ACTIVITY
Scan the entries for the word "flat", and copy every line where it appears.

Dataset excerpts
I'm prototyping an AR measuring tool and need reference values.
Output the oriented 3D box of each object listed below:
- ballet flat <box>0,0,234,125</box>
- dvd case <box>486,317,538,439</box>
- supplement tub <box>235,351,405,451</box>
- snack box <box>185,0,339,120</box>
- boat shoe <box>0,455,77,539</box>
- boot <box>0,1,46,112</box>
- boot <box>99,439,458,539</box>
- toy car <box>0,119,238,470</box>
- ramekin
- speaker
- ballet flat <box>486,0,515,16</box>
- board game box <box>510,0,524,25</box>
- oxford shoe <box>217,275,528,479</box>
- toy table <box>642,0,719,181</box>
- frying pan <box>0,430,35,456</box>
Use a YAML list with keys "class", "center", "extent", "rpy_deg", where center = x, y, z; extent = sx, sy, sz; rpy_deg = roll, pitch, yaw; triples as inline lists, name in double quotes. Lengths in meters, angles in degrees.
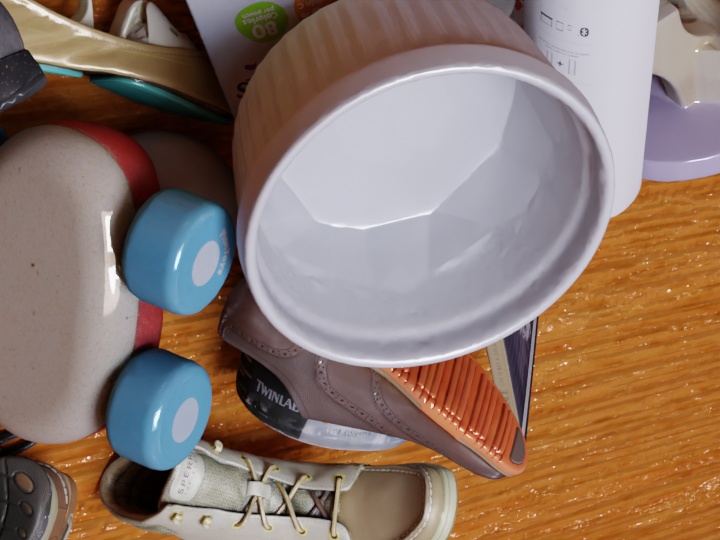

SOLUTION TO THE PROBLEM
- ballet flat <box>0,0,234,125</box>
- ballet flat <box>486,0,515,16</box>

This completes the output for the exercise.